Speaker:I've heard people say that it's in the bush.
Speaker:So, you live in the countryside?
Speaker:(Dany) So, I actually should have started by saying that right now
Speaker:I'm on the unceded lands of the Gadigal people, in Sydney,
Speaker:but normally I live on the unceded lands of the Dharawal people,
Speaker:which is on the Southeast coast of Australia, it's inland a little bit.
Speaker:So, there are three rivers that pass through these very high escarpments
Speaker:and we live at the top of the river that is nearest the coast.
Speaker:So the land is rain forest land.
Speaker:And when you're there, it feels as if the escarpments or the cliffs,
Speaker:you probably think of them as canyons.
Speaker:It's as if they've got their arms around you,
Speaker:so you're nestled in this very high valley with the arms of the canyons around you.
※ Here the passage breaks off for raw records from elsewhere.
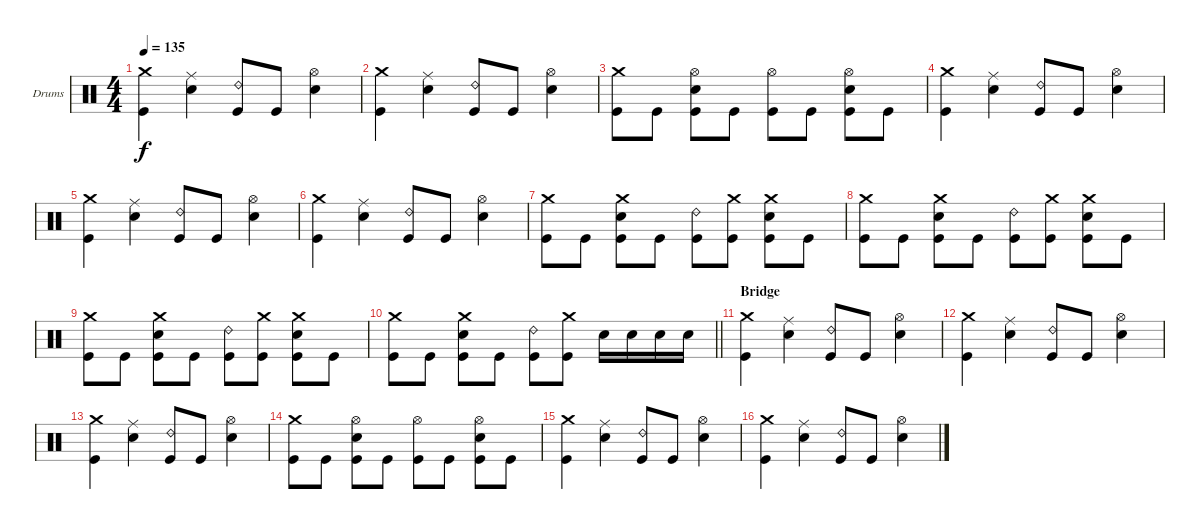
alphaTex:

\bracketExtendMode groupsimilarinstruments
\firstSystemTrackNameOrientation horizontal
\otherSystemsTrackNameOrientation horizontal
\track ("Drumkit" "Drums") {multiBarRest instrument percussion}
\staff {score}
\articulation defaults
\ts (4 4)
\tempo 135
\clef neutral
\ks c
("Crash medium (hit)" "Kick (hit)").4{dy f} ("Ride (middle)" "Snare (hit) 2").4 ("Ride (bell) 2" "Kick (hit)").8 "Kick (hit)".8 ("Hi-Hat (open)" "Snare (hit) 2").4 |
("Crash medium (hit)" "Kick (hit)").4 ("Ride (middle)" "Snare (hit) 2").4 ("Ride (bell) 2" "Kick (hit)").8 "Kick (hit)".8 ("Hi-Hat (open)" "Snare (hit) 2").4 |
("Crash medium (hit)" "Kick (hit)").8 "Kick (hit)".8 ("Hi-Hat (open)" "Snare (hit) 2" "Kick (hit)").8 "Kick (hit)".8 ("Hi-Hat (open)" "Kick (hit)").8 "Kick (hit)".8 ("Hi-Hat (open)" "Snare (hit) 2" "Kick (hit)").8 "Kick (hit)".8 |
("Crash medium (hit)" "Kick (hit)").4 ("Ride (middle)" "Snare (hit) 2").4 ("Ride (bell) 2" "Kick (hit)").8 "Kick (hit)".8 ("Hi-Hat (open)" "Snare (hit) 2").4 |
("Crash medium (hit)" "Kick (hit)").4 ("Ride (middle)" "Snare (hit) 2").4 ("Ride (bell) 2" "Kick (hit)").8 "Kick (hit)".8 ("Hi-Hat (open)" "Snare (hit) 2").4 |
("Crash medium (hit)" "Kick (hit)").4 ("Ride (middle)" "Snare (hit) 2").4 ("Ride (bell) 2" "Kick (hit)").8 "Kick (hit)".8 ("Hi-Hat (open)" "Snare (hit) 2").4 |
("Crash medium (hit)" "Kick (hit)").8 "Kick (hit)".8 ("Crash medium (hit)" "Snare (hit) 2" "Kick (hit)").8 "Kick (hit)".8 ("Ride (bell) 2" "Kick (hit)").8 ("Crash medium (hit)" "Kick (hit)").8 ("Crash medium (hit)" "Snare (hit) 2" "Kick (hit)").8 "Kick (hit)".8 |
("Crash medium (hit)" "Kick (hit)").8 "Kick (hit)".8 ("Crash medium (hit)" "Snare (hit) 2" "Kick (hit)").8 "Kick (hit)".8 ("Ride (bell) 2" "Kick (hit)").8 ("Crash medium (hit)" "Kick (hit)").8 ("Crash medium (hit)" "Snare (hit) 2" "Kick (hit)").8 "Kick (hit)".8 |
("Crash medium (hit)" "Kick (hit)").8 "Kick (hit)".8 ("Crash medium (hit)" "Snare (hit) 2" "Kick (hit)").8 "Kick (hit)".8 ("Ride (bell) 2" "Kick (hit)").8 ("Crash medium (hit)" "Kick (hit)").8 ("Crash medium (hit)" "Snare (hit) 2" "Kick (hit)").8 "Kick (hit)".8 |
\barLineRight lightlight
("Crash medium (hit)" "Kick (hit)").8 "Kick (hit)".8 ("Crash medium (hit)" "Snare (hit) 2" "Kick (hit)").8 "Kick (hit)".8 ("Ride (bell) 2" "Kick (hit)").8 ("Crash medium (hit)" "Kick (hit)").8 "Snare (hit) 2".16 "Snare (hit) 2".16 "Snare (hit) 2".16 "Snare (hit) 2".16 |
\section ("" "Bridge")
("Crash medium (hit)" "Kick (hit)").4 ("Ride (middle)" "Snare (hit) 2").4 ("Ride (bell) 2" "Kick (hit)").8 "Kick (hit)".8 ("Hi-Hat (open)" "Snare (hit) 2").4 |
("Crash medium (hit)" "Kick (hit)").4 ("Ride (middle)" "Snare (hit) 2").4 ("Ride (bell) 2" "Kick (hit)").8 "Kick (hit)".8 ("Hi-Hat (open)" "Snare (hit) 2").4 |
("Crash medium (hit)" "Kick (hit)").4 ("Ride (middle)" "Snare (hit) 2").4 ("Ride (bell) 2" "Kick (hit)").8 "Kick (hit)".8 ("Hi-Hat (open)" "Snare (hit) 2").4 |
("Crash medium (hit)" "Kick (hit)").8 "Kick (hit)".8 ("Hi-Hat (open)" "Snare (hit) 2" "Kick (hit)").8 "Kick (hit)".8 ("Hi-Hat (open)" "Kick (hit)").8 "Kick (hit)".8 ("Hi-Hat (open)" "Snare (hit) 2" "Kick (hit)").8 "Kick (hit)".8 |
("Crash medium (hit)" "Kick (hit)").4 ("Ride (middle)" "Snare (hit) 2").4 ("Ride (bell) 2" "Kick (hit)").8 "Kick (hit)".8 ("Hi-Hat (open)" "Snare (hit) 2").4 |
("Crash medium (hit)" "Kick (hit)").4 ("Ride (middle)" "Snare (hit) 2").4 ("Ride (bell) 2" "Kick (hit)").8 "Kick (hit)".8 ("Hi-Hat (open)" "Snare (hit) 2").4

Speaker:And then a river running through the valley, and that is where we leave.
Speaker:(pattrice) You said to me once that you moved there
Speaker:for a purpose.
Speaker:So before we get to the terrible events of 2020
Speaker:that provoked you to write Summertime
Speaker:can you tell me something about that purpose?
Speaker:Because I think it has something to do with the Multi-Species Justice Project.
Speaker:(Dany) It does.
Speaker:There are really two purposes.
Speaker:Of course, we always do things for reasons that we don't understand,
Speaker:but there were two that I do understand.
Speaker:And one of them was, like most human people
Speaker:who are brought up in this culture, who are shaped in this culture,
Speaker:I had a very anthropocentric way of being.
Speaker:So, for example, thinking about, justice
Speaker:the way that we conceive of justice is justice is with humans.
Speaker:And that became increasingly intolerable for me,
Speaker:my own anthropocentrism,
Speaker:the way that I thought about and lived with other beings.
Speaker:I didn't want to be that way anymore.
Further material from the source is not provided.